[What to produce]
Every record below must be copied exactly, with images dropped.

** Provided data follows **

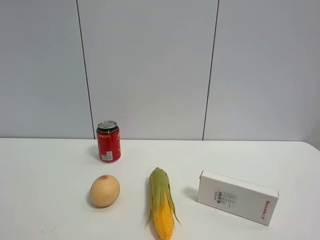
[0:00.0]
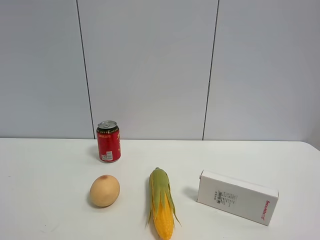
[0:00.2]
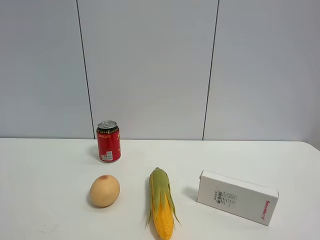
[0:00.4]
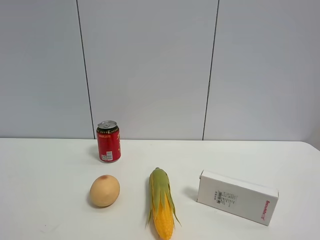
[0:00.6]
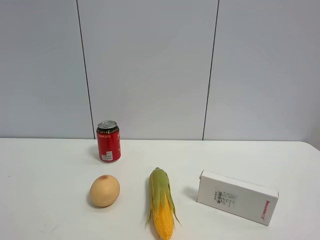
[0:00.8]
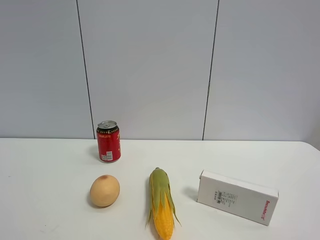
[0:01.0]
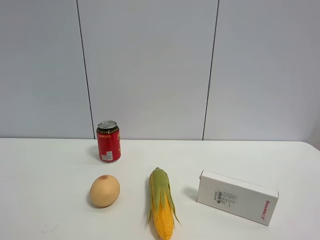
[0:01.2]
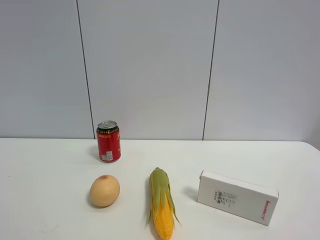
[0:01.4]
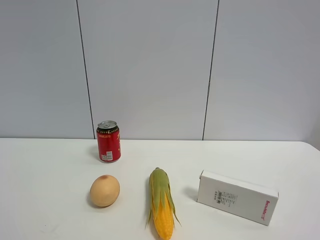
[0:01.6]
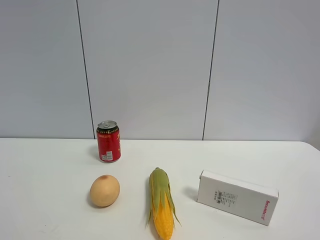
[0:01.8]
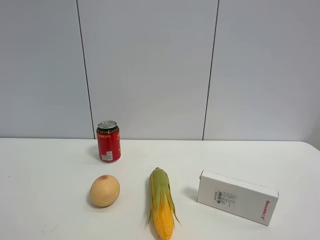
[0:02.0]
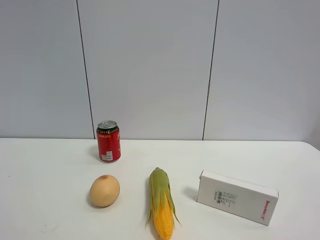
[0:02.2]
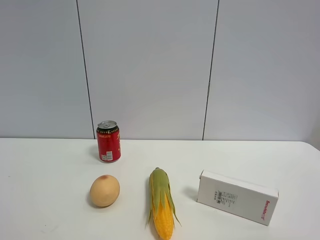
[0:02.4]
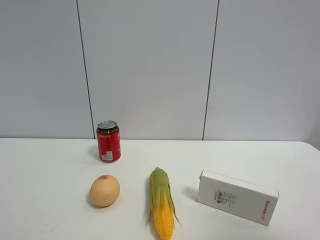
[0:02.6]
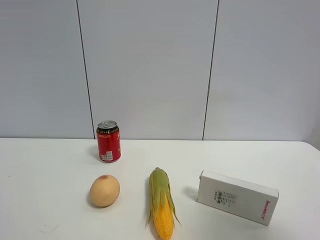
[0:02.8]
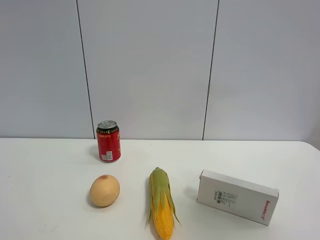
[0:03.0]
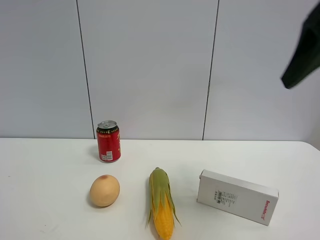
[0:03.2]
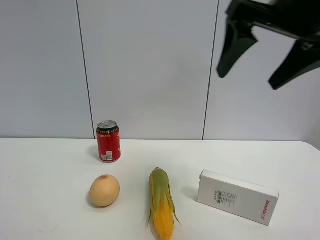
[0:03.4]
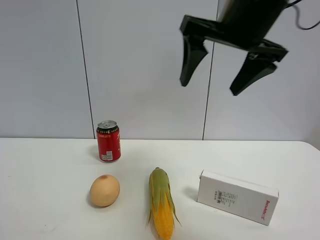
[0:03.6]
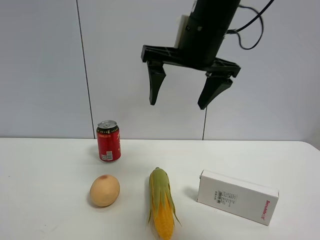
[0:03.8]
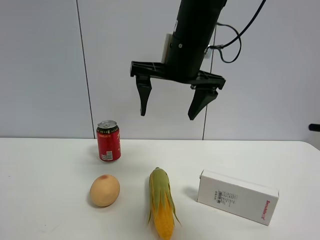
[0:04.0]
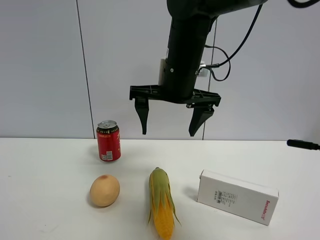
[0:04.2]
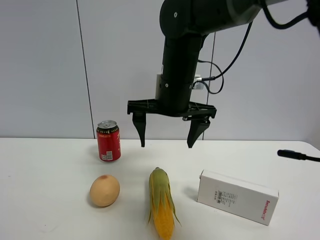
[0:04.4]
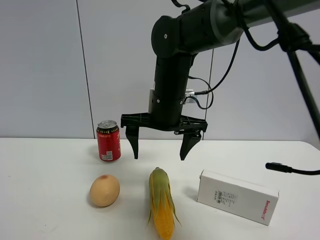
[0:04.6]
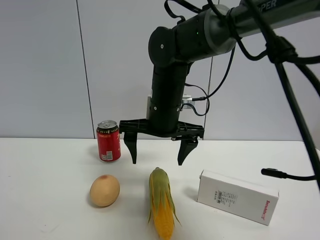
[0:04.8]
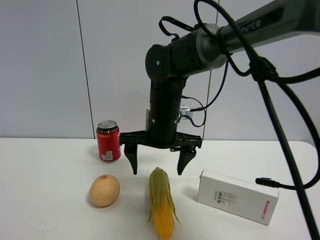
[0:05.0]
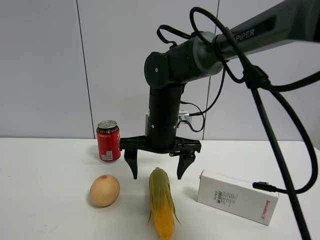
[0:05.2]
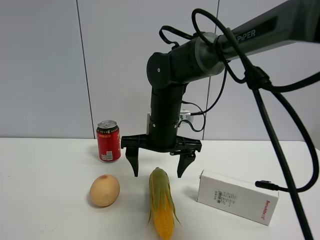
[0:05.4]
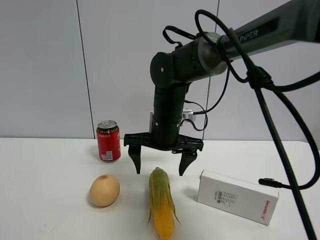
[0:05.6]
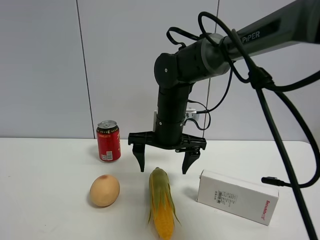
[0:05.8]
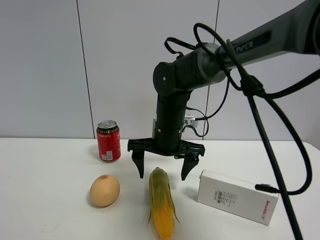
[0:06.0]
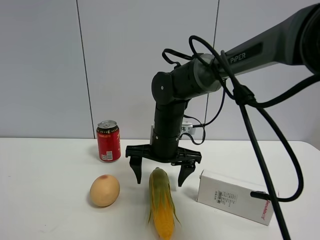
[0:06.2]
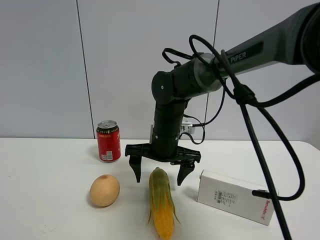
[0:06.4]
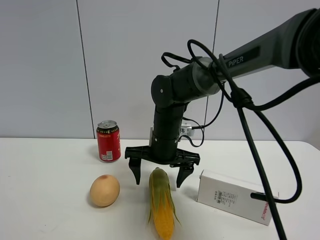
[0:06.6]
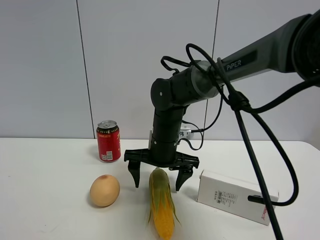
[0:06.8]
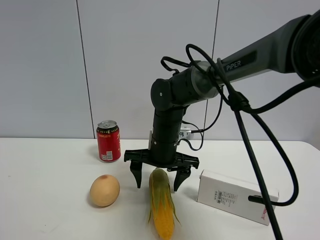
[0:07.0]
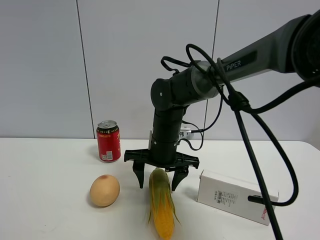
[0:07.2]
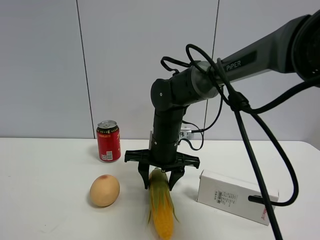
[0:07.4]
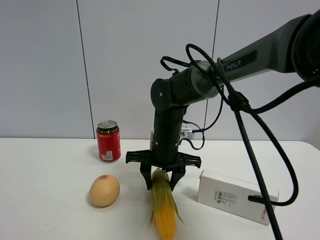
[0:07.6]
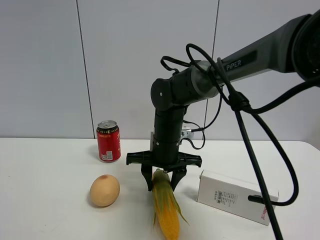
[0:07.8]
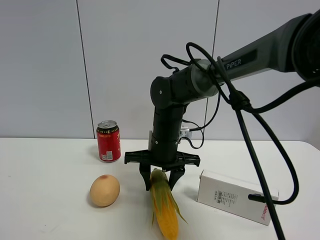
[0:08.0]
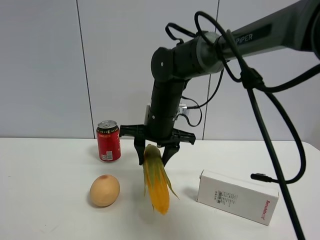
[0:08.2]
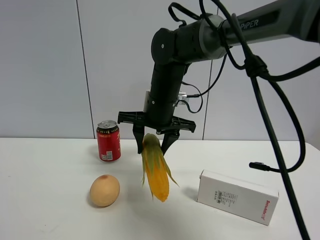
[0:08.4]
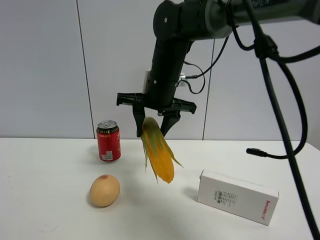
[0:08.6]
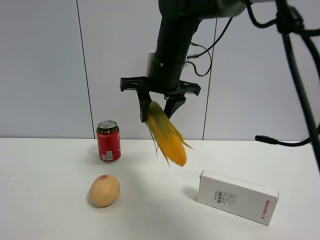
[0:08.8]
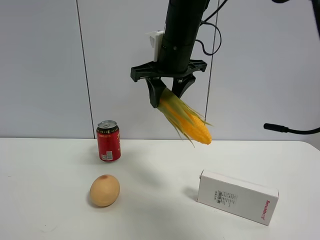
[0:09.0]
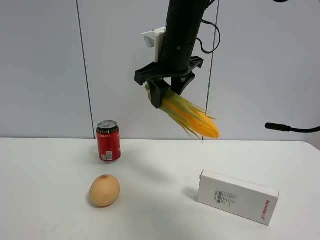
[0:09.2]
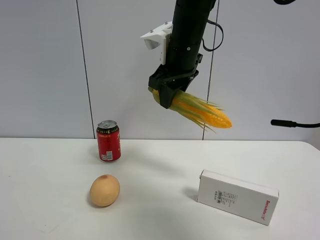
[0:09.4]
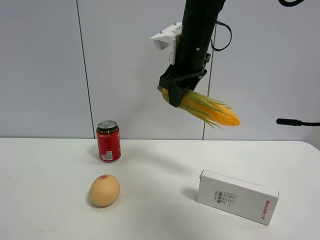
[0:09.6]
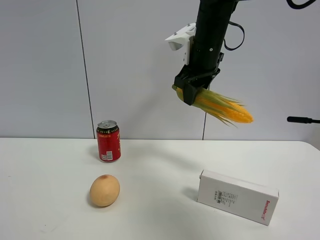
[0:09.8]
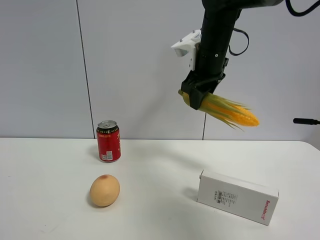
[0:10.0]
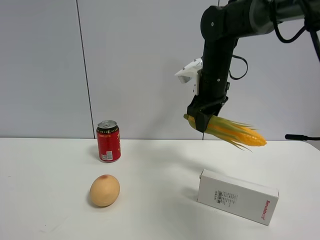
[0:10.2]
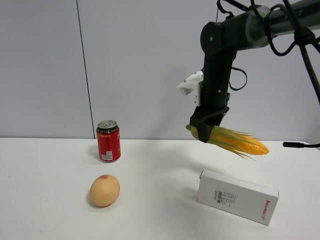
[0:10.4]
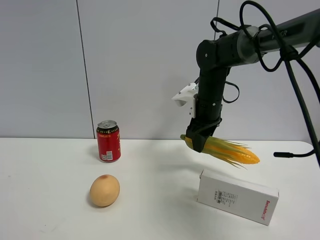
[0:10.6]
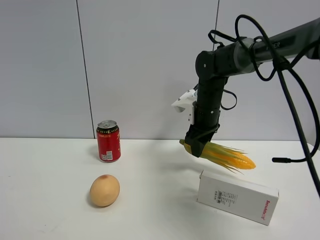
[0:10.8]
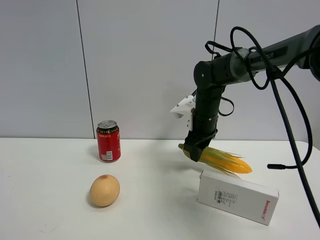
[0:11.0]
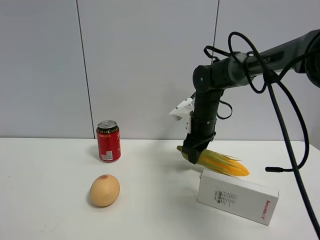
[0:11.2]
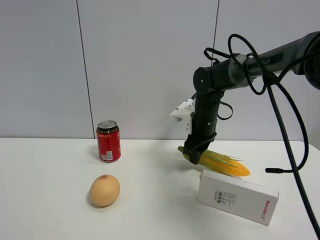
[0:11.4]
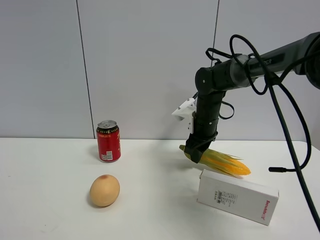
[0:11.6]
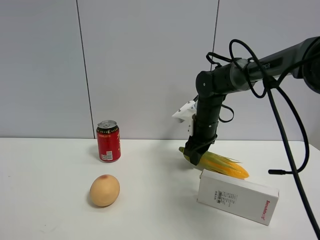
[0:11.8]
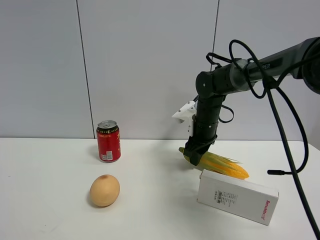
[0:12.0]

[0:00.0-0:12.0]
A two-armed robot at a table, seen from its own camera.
Task of the whole recording: the gripper move the object.
Step, 0:00.0 to 0:07.6: Grasp the corn with the right gripper.
0:00.0 to 0:01.6: The two grippers keep their place.
0:01.6 to 0:03.0: The right gripper heads forward and upward, covering approximately 20 cm.
0:03.0 to 0:04.4: The right gripper heads to the left, forward and downward, covering roughly 35 cm.
0:04.4 to 0:06.0: The right gripper is displaced downward by approximately 10 cm.
0:06.0 to 0:07.6: The right gripper closes its fingers.
0:07.6 to 0:09.0: The right gripper shifts approximately 20 cm upward.
0:09.0 to 0:10.4: The right gripper heads downward, to the right and forward, covering about 15 cm.
0:10.4 to 0:12.0: The right gripper travels downward by some 10 cm.

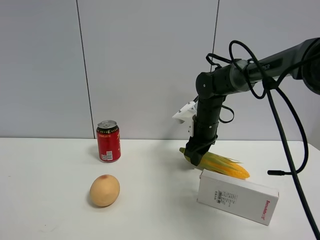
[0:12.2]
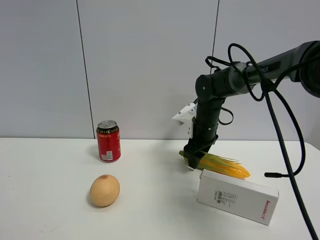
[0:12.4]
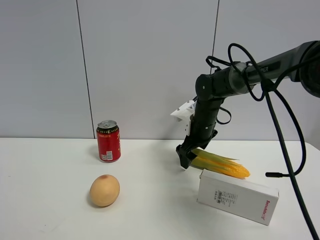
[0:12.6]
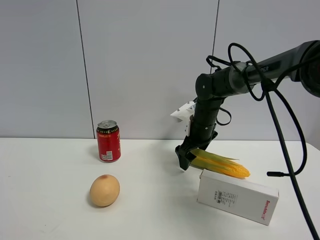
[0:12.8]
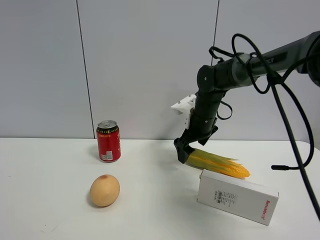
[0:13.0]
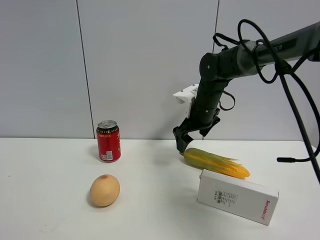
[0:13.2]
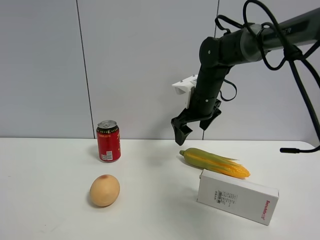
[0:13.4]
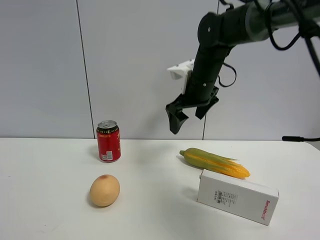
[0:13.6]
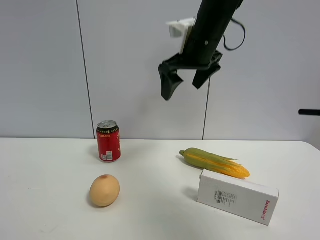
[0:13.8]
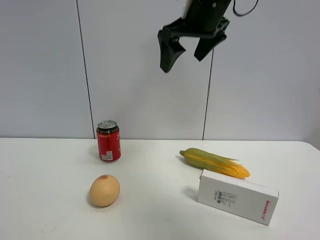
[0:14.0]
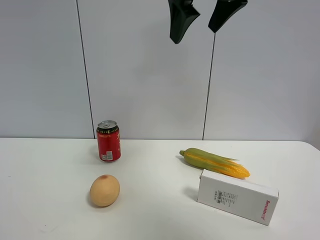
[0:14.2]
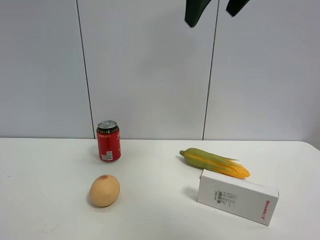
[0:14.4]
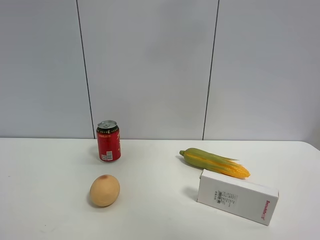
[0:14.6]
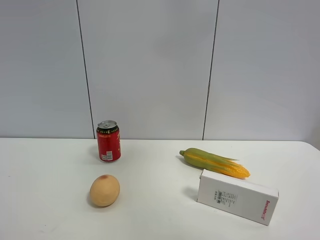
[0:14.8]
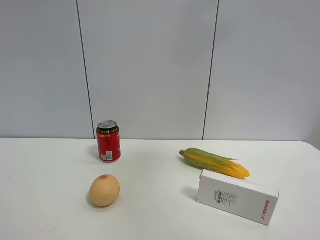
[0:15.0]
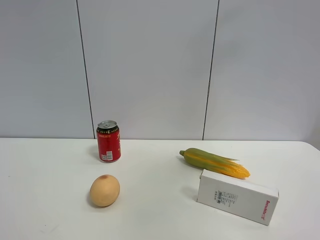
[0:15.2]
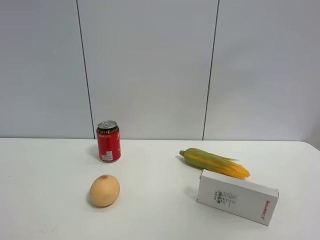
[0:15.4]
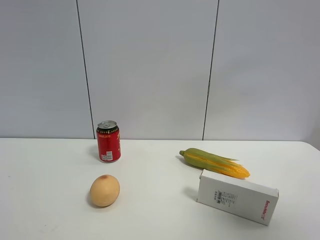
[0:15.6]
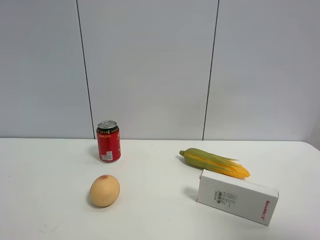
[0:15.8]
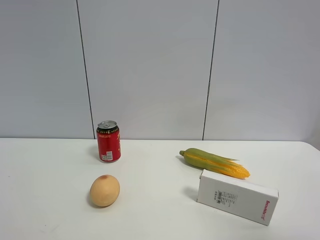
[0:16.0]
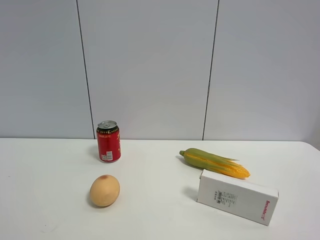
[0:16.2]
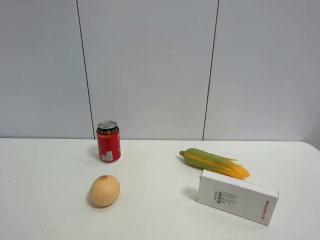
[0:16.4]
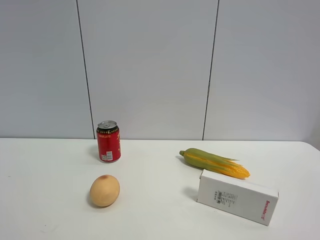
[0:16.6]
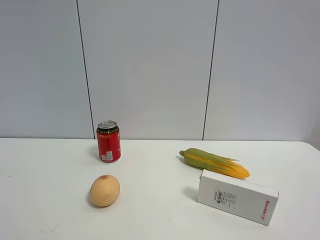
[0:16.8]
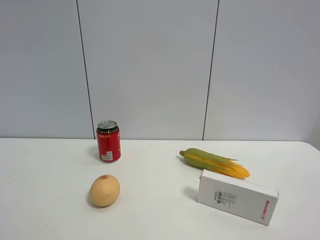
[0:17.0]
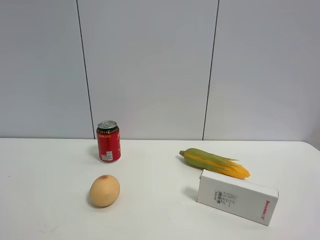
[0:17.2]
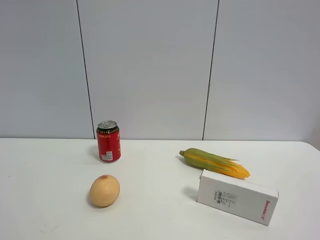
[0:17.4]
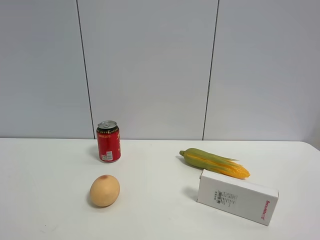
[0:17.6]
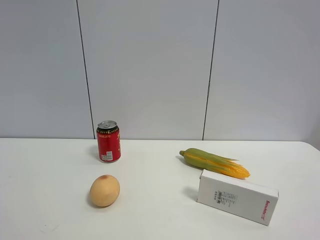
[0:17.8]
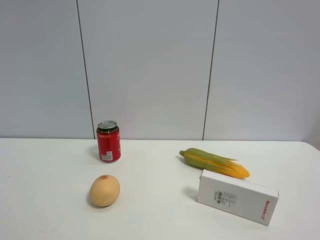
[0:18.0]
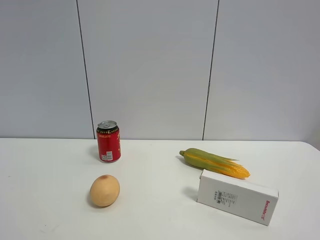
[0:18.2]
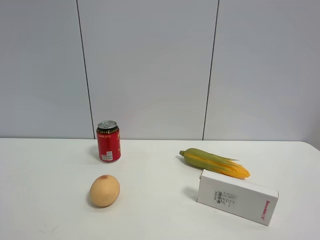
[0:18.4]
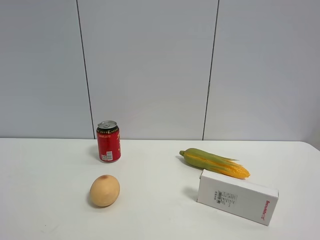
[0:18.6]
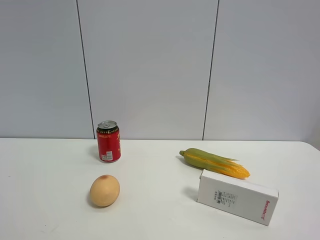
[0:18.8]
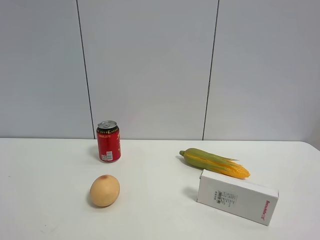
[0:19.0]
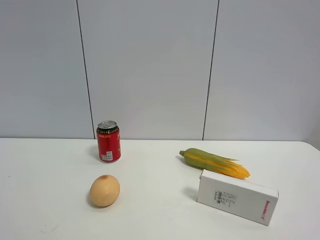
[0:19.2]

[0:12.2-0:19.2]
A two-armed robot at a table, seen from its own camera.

** End of Provided data **

[Reply]
[0:00.0]
[0:00.2]
[0:00.4]
[0:00.6]
[0:00.8]
[0:01.0]
[0:01.2]
[0:01.4]
[0:01.6]
[0:01.8]
[0:02.0]
[0:02.2]
[0:02.4]
[0:02.6]
[0:02.8]
[0:03.0]
[0:03.2]
[0:03.4]
[0:03.6]
[0:03.8]
[0:04.0]
[0:04.2]
[0:04.4]
[0:04.6]
[0:04.8]
[0:05.0]
[0:05.2]
[0:05.4]
[0:05.6]
[0:05.8]
[0:06.0]
[0:06.2]
[0:06.4]
[0:06.6]
[0:06.8]
[0:07.0]
[0:07.2]
[0:07.4]
[0:07.6]
[0:07.8]
[0:08.0]
[0:08.2]
[0:08.4]
[0:08.6]
[0:08.8]
[0:09.0]
[0:09.2]
[0:09.4]
[0:09.6]
[0:09.8]
[0:10.0]
[0:10.2]
[0:10.4]
[0:10.6]
[0:10.8]
[0:11.0]
[0:11.2]
[0:11.4]
[0:11.6]
[0:11.8]
[0:12.0]

[0:00.0-0:12.0]
A two-armed robot at a table, seen from its own camera.
Task of the whole recording: the gripper move the object.
Step, 0:00.0 to 0:07.6: Grasp the corn with the right gripper.
0:00.0 to 0:01.6: The two grippers keep their place.
0:01.6 to 0:03.0: The right gripper heads forward and upward, covering approximately 20 cm.
0:03.0 to 0:04.4: The right gripper heads to the left, forward and downward, covering roughly 35 cm.
0:04.4 to 0:06.0: The right gripper is displaced downward by approximately 10 cm.
0:06.0 to 0:07.6: The right gripper closes its fingers.
0:07.6 to 0:09.0: The right gripper shifts approximately 20 cm upward.
0:09.0 to 0:10.4: The right gripper heads downward, to the right and forward, covering about 15 cm.
0:10.4 to 0:12.0: The right gripper travels downward by some 10 cm.

[0:12.2]
[0:12.4]
[0:12.6]
[0:12.8]
[0:13.0]
[0:13.2]
[0:13.4]
[0:13.6]
[0:13.8]
[0:14.0]
[0:14.2]
[0:14.4]
[0:14.6]
[0:14.8]
[0:15.0]
[0:15.2]
[0:15.4]
[0:15.6]
[0:15.8]
[0:16.0]
[0:16.2]
[0:16.4]
[0:16.6]
[0:16.8]
[0:17.0]
[0:17.2]
[0:17.4]
[0:17.6]
[0:17.8]
[0:18.0]
[0:18.2]
[0:18.4]
[0:18.6]
[0:18.8]
[0:19.0]
[0:19.2]

[0:12.2-0:19.2]
A two-armed robot at a table, seen from its own camera.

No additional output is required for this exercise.